Task instructions: When a line of the records below contains the string "like", copy that whole line.

Available records:
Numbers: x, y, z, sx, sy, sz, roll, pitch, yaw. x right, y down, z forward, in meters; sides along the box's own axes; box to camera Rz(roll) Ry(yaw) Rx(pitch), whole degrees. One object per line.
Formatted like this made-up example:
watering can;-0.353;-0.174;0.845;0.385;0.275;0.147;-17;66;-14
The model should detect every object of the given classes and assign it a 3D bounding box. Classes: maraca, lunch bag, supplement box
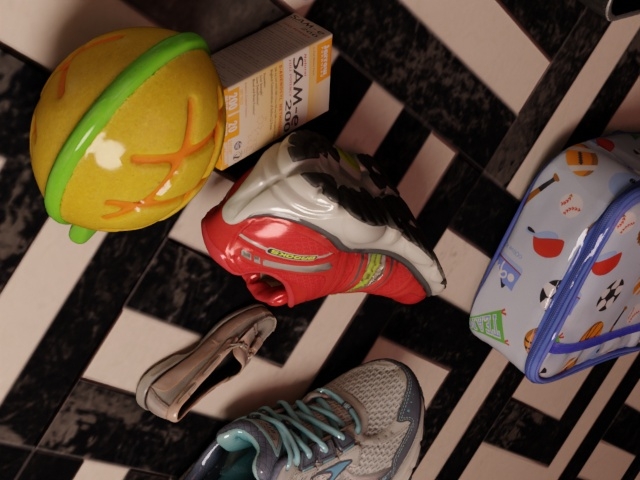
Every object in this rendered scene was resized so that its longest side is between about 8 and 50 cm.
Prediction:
maraca;-0.106;-0.055;0.801;0.127;0.099;0.186;-45;173;-15
lunch bag;0.283;0.019;1.387;0.303;0.115;0.243;-7;126;-50
supplement box;-0.039;-0.095;0.908;0.098;0.036;0.062;-33;142;-34

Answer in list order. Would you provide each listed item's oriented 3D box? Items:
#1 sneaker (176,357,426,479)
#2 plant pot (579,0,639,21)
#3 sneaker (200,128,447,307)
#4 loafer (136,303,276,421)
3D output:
sneaker;-0.023;0.177;1.112;0.283;0.110;0.122;-39;141;-26
plant pot;0.200;-0.273;0.951;0.187;0.167;0.188;-19;132;-44
sneaker;0.000;0.000;1.015;0.118;0.107;0.279;-36;155;13
loafer;-0.074;0.091;1.025;0.125;0.039;0.045;-33;141;-33
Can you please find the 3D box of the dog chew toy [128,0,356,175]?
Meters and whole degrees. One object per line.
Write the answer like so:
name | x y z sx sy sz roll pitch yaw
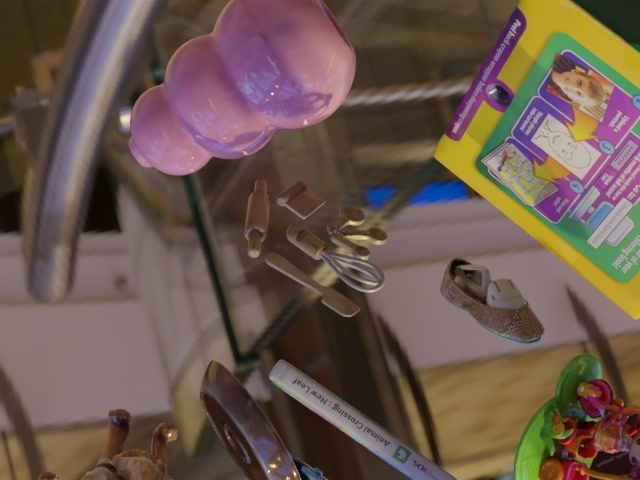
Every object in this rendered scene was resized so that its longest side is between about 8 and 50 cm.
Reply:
dog chew toy | -0.118 -0.207 1.971 0.332 0.207 0.206 -34 160 10

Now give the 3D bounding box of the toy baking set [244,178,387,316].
toy baking set | -0.007 -0.002 1.888 0.196 0.256 0.030 15 125 -4

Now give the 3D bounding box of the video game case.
video game case | 0.036 0.174 1.332 0.023 0.193 0.212 -55 178 -6

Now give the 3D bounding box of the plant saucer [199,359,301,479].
plant saucer | -0.075 0.199 1.453 0.029 0.168 0.168 -32 167 -16

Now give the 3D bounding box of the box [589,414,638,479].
box | 0.397 0.328 1.735 0.167 0.203 0.168 -20 151 -14

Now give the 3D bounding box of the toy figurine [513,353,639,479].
toy figurine | 0.305 0.219 1.461 0.130 0.173 0.159 18 -179 -43

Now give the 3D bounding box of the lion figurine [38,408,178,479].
lion figurine | -0.316 0.389 2.026 0.142 0.240 0.392 24 135 -16

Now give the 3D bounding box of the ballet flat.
ballet flat | 0.227 0.075 1.938 0.073 0.067 0.206 -13 -156 -29

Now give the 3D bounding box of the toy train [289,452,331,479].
toy train | -0.003 0.350 1.910 0.080 0.184 0.105 -53 -155 -4

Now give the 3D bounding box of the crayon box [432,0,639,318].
crayon box | 0.318 -0.115 1.563 0.106 0.313 0.363 -47 172 -29

Solution to the exercise:
Formatted like this made-up example:
Write the answer like so:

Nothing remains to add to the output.